▸ ASSIGNED TASK: Search each line below for "with", then return the lines where it appears.

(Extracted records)
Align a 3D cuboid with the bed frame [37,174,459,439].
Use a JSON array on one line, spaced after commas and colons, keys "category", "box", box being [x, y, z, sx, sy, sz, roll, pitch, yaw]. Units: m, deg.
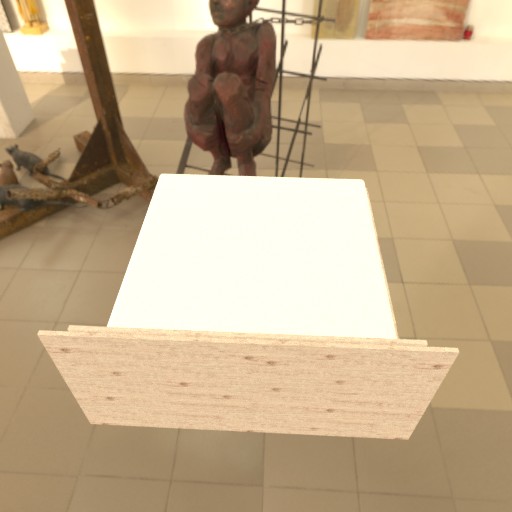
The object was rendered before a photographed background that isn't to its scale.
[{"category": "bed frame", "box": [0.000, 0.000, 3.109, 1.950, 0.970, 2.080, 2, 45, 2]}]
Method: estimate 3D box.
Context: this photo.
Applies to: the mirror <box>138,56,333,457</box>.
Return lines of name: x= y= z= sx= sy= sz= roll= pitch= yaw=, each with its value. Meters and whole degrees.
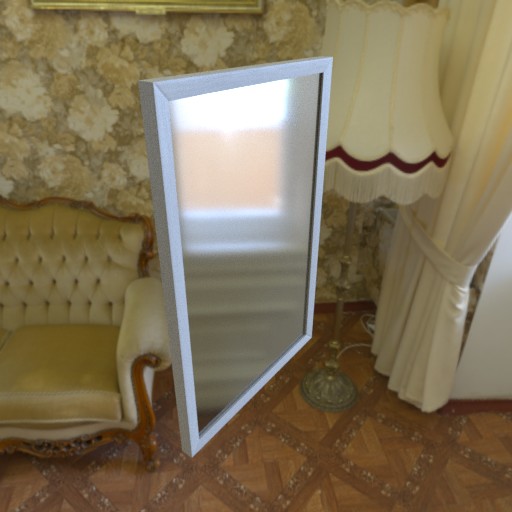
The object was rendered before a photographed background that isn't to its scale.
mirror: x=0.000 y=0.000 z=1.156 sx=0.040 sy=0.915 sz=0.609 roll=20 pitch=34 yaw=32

▸ YOUR SOLUTION:
Align a 3D cuboid with the bed frame [37,174,459,439].
Return lines of name: x= y= z= sx= sy= sz= roll= pitch= yaw=, each with its value. Meters and whole degrees.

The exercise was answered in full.